Damages for psychological injuries often exceed $1,000,000. Past and future economic loss is the most significant head of damage and courts will often accept medical evidence that plaintiffs are unable to work.

In the matter of Melanie Sills, Judge Mahony held that he would have awarded $1,405,000 for economic loss to the plaintiff for post-traumatic stress disorder, had he held for her. The plaintiff was in her late 20s at the time she ceased work. Although the defendant tendered expert reports indicating she had capacity to work in other employment than NSW Police, his Honour preferred the plaintiff’s expert evidence and assessed damages on the basis that she had no capacity to return to work at all.
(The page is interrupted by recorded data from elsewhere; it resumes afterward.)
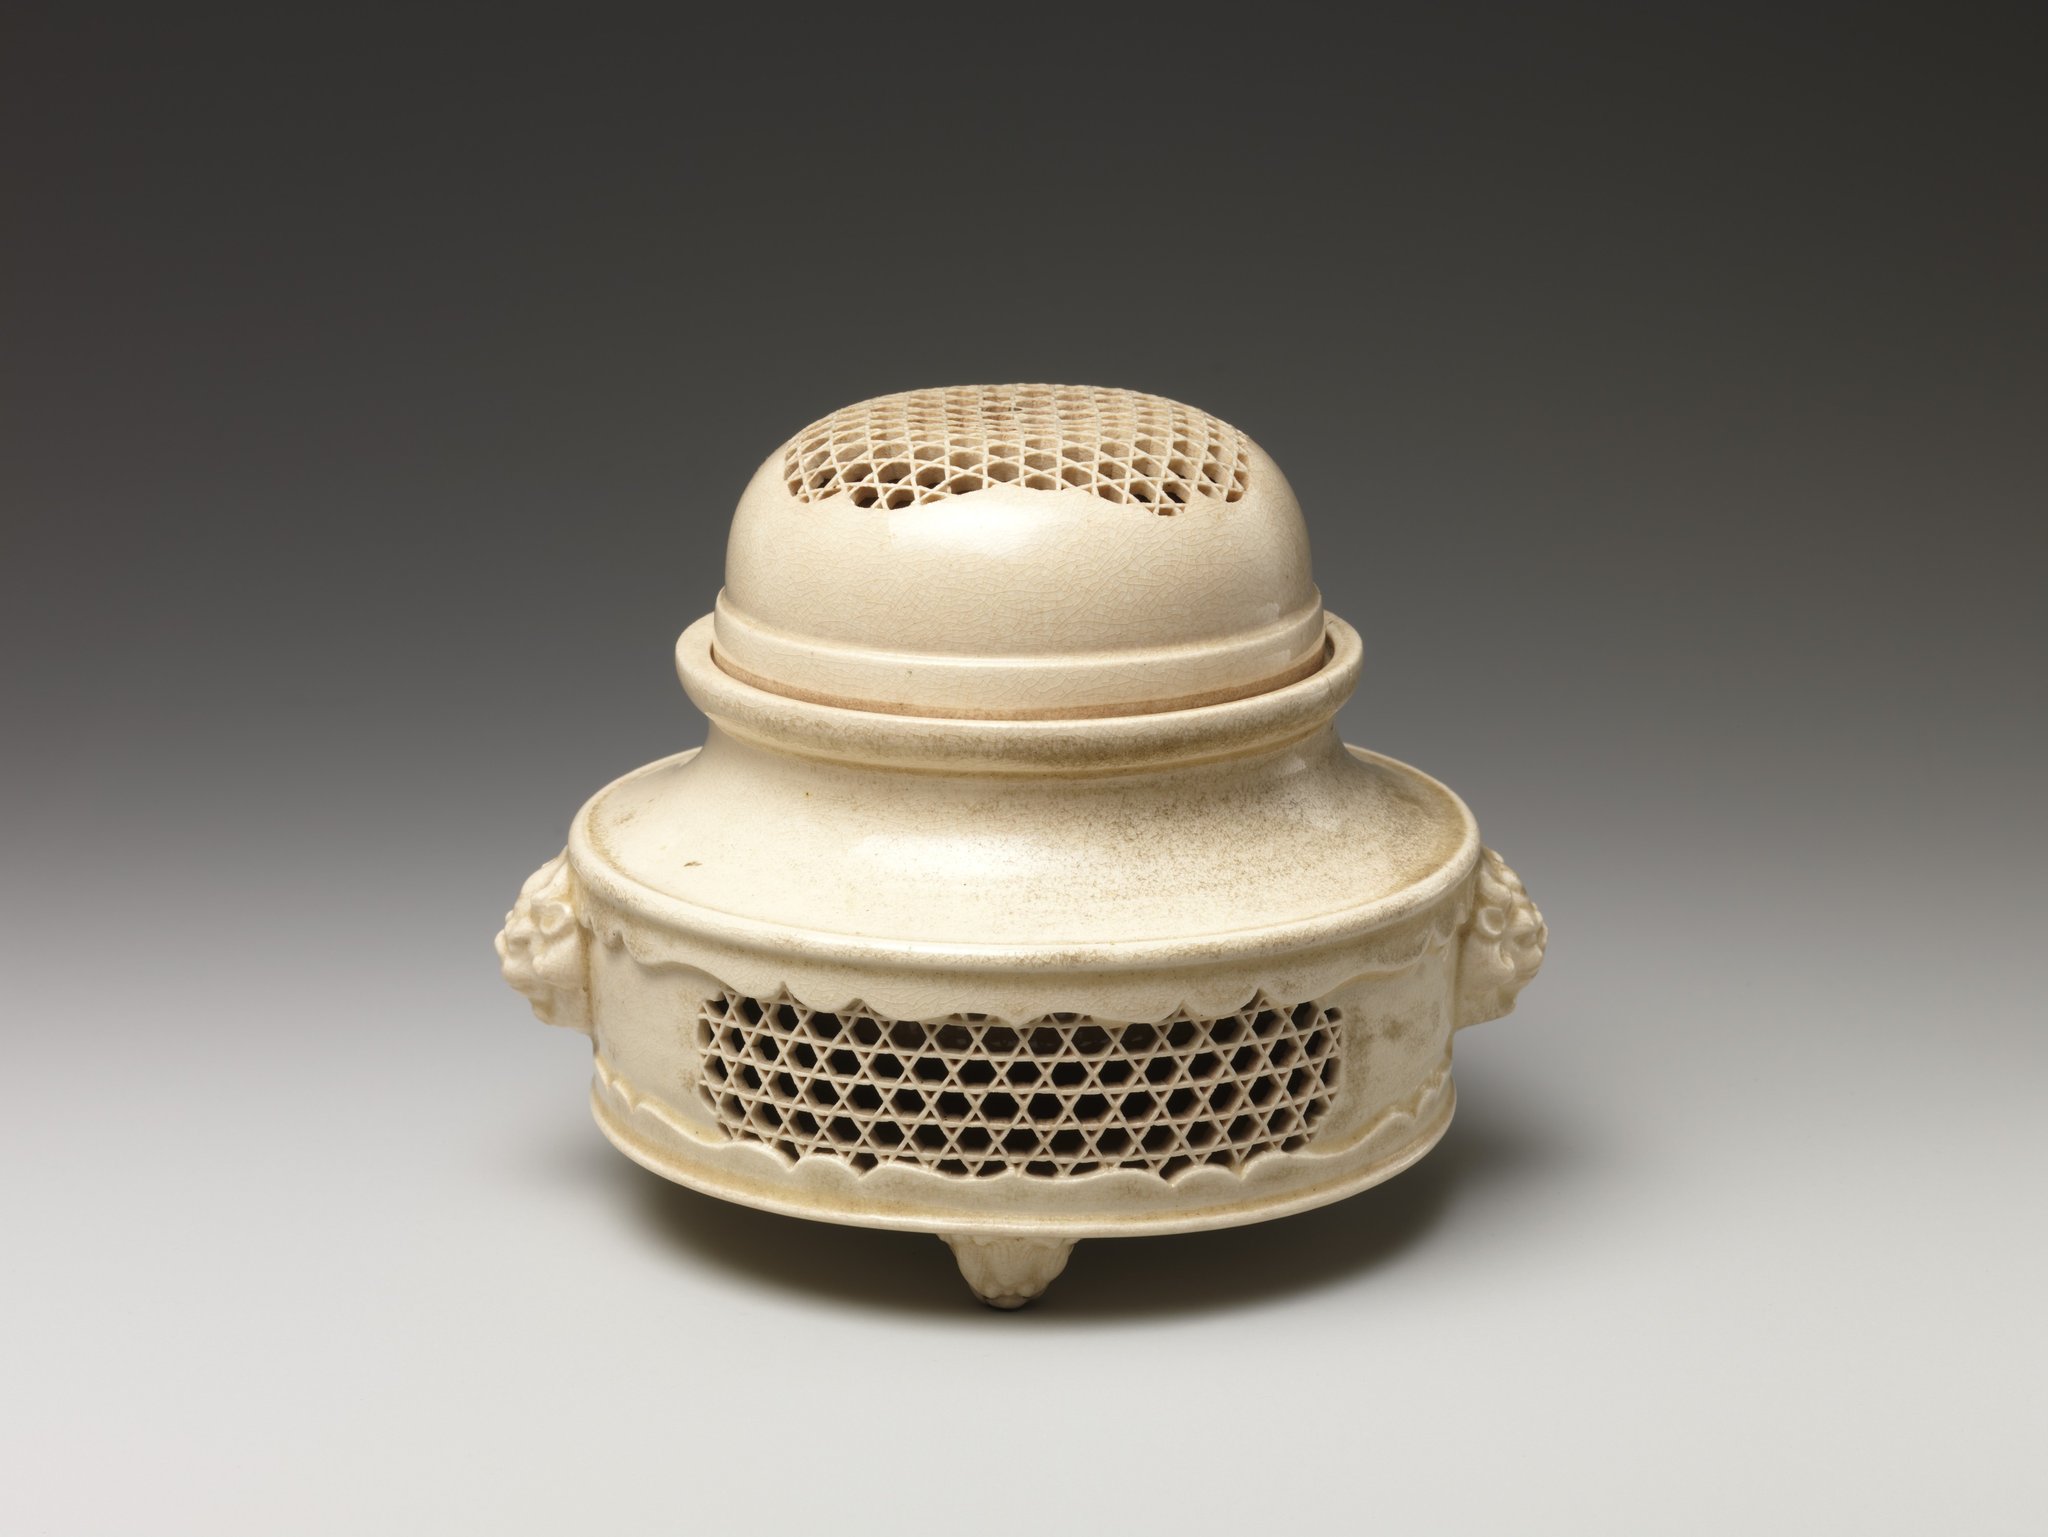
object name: incense burner koro and cover
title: Incense Burner (koro) and Cover with Molded and Reticulated Design
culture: japanese
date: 1701-1800
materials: earthenware, glaze

In Hadassa Erlich v Malka Leifer & Another [2015] VSC 499 the plaintiff attended an ultra-orthodox Jewish school, ran by the second defendant, where she was sexually abused by the headmistress, the first defendant. The plaintiff alleged she suffered consequential psychiatric injury. Damages were awarded to the plaintiff in the sum of $1,124,428. The plaintiff’s own evidence was that she was working up to 20 hours a week as a carer, but she also tendered expert evidence that she was incapable of working more than part time casual roles due to her illness. This evidence was accepted and the plaintiff was awarded damages on the basis that she had lost 50% of her future earning capacity, minus 15% for vicissitudes.

Almost $4,000,000 was awarded to the plaintiff in the matter of Optus Administration Pty Limited v Glenn Wright by his tutor James Stuart Wright [2017] NSWCA 21. The quantum of damage was appealed, however this was not considered by the majority of the Court of Appeal as the Court found that the defendant was not liable.

Summary


It is trite to go back to basics. What is the duty alleged and was that duty owed to the plaintiff? Was there a breach of duty and was the breach causative of the loss claimed? The above cases highlight the importance of analysing these fundamental issues within the factual matrix of each case. One size does not fit all and each matter must be assessed on its merits.